Oral Medical Apparatus

This application is a continuation of U.S. patent application Ser. No. 18/382,759, filed Oct. 23, 2023, now allowed, which is a continuation of U.S. patent application Ser. No. 17/716,501, filed Apr. 8, 2022, now U.S. Pat. No. 11,793,960, which is a continuation of U.S. patent application Ser. No. 15/472,051, filed Mar. 28, 2017, now U.S. Pat. No. 11,298,487, which claims the benefit of U.S. Provisional Patent Application Ser. No. 62/314,678, filed Mar. 29, 2016, which is incorporated by reference herein.

Embodiments of devices and related methods for improved oral medical apparatus are disclosed.

An oral or nasal medical apparatus relates to devices used to eliminate upper airway obstruction and facilitate oxygenation and ventilation in patients. These devices include the oropharyngeal airway, nasopharyngeal airway, endotracheal tube, laryngeal mask, and face-mask ventilation. An oropharyngeal airway (OPA), also referred to as an oral airway, is used to create an air passageway between the mouth and the posterior pharynx. Patients with sleep apnea, patients under anesthesia, or other patients with an obstructed airflow, may have an oral airway inserted to facilitate airflow.

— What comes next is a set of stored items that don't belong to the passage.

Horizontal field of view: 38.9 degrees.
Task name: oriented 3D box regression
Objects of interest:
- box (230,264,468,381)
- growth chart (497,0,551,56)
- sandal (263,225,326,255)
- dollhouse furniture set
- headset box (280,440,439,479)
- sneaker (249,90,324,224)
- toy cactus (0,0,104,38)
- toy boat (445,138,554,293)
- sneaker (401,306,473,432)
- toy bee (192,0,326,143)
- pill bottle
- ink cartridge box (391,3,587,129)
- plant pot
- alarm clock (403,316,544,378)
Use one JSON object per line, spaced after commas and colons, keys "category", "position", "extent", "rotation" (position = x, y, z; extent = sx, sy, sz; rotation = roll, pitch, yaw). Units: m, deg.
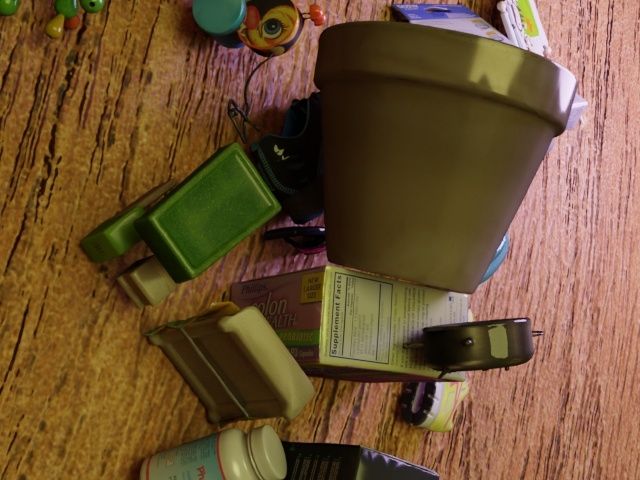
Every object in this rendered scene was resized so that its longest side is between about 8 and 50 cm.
{"category": "box", "position": [0.035, 0.120, 1.194], "extent": [0.243, 0.213, 0.117], "rotation": [14, 74, -35]}
{"category": "growth chart", "position": [0.362, -0.383, 1.617], "extent": [0.172, 0.021, 0.237], "rotation": [65, 31, -14]}
{"category": "sandal", "position": [0.000, 0.000, 1.287], "extent": [0.179, 0.067, 0.040], "rotation": [-1, 94, -40]}
{"category": "dollhouse furniture set", "position": [-0.116, 0.065, 1.101], "extent": [0.151, 0.197, 0.301], "rotation": [-44, 107, -35]}
{"category": "headset box", "position": [-0.007, 0.372, 1.073], "extent": [0.131, 0.283, 0.246], "rotation": [27, 66, -31]}
{"category": "sneaker", "position": [0.037, -0.176, 1.309], "extent": [0.140, 0.125, 0.341], "rotation": [49, 53, -11]}
{"category": "toy cactus", "position": [-0.299, -0.351, 1.078], "extent": [0.219, 0.112, 0.180], "rotation": [-29, 89, 3]}
{"category": "toy boat", "position": [0.245, -0.088, 1.436], "extent": [0.318, 0.148, 0.267], "rotation": [-44, 108, -34]}
{"category": "sneaker", "position": [0.193, 0.199, 1.395], "extent": [0.094, 0.081, 0.208], "rotation": [37, 68, -35]}
{"category": "toy bee", "position": [-0.081, -0.308, 1.219], "extent": [0.195, 0.162, 0.298], "rotation": [-88, 157, -71]}
{"category": "pill bottle", "position": [-0.125, 0.274, 1.070], "extent": [0.087, 0.160, 0.087], "rotation": [-21, 90, -79]}
{"category": "ink cartridge box", "position": [0.260, -0.281, 1.466], "extent": [0.185, 0.065, 0.311], "rotation": [-14, 52, -39]}
{"category": "plant pot", "position": [0.126, -0.089, 1.128], "extent": [0.323, 0.323, 0.280], "rotation": [14, 89, -35]}
{"category": "alarm clock", "position": [0.206, 0.126, 1.104], "extent": [0.192, 0.129, 0.064], "rotation": [-6, 86, -38]}
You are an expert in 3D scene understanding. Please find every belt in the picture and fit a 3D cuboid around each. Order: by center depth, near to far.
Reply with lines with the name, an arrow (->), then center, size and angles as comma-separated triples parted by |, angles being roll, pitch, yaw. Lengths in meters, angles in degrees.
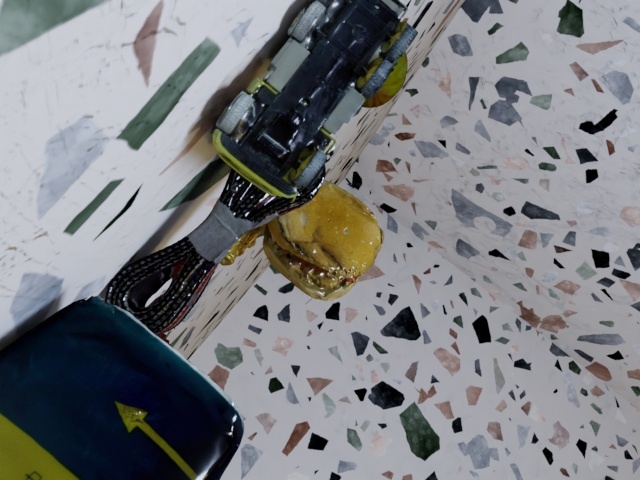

Currently available oral airways include an outer surface made of a hard, rigid piece of plastic in a patient's mouth that is often poorly tolerated in conscious and semi-conscious patients. For instance, such rigid oral airways may induce gagging, vomiting, aspiration, layrngospasm, damage to teeth (due to patient biting), and damage to lips. If such an oral airway is left in place for a prolonged period of time, sores and swelling can develop in the mouth and tissue damage may occur. Improper sizing of these oral airways introduces problems as well. Given the rigid nature of oral airways, sizing must be done without error. A rigid oral airway that is too large can close the epiglottis and cut off an air supply. A rigid oral airway that is too small can cause tongue sores and swelling, and can also cause the airway to be obstructed by pharyngeal tissue if it fails to extend past the uvula.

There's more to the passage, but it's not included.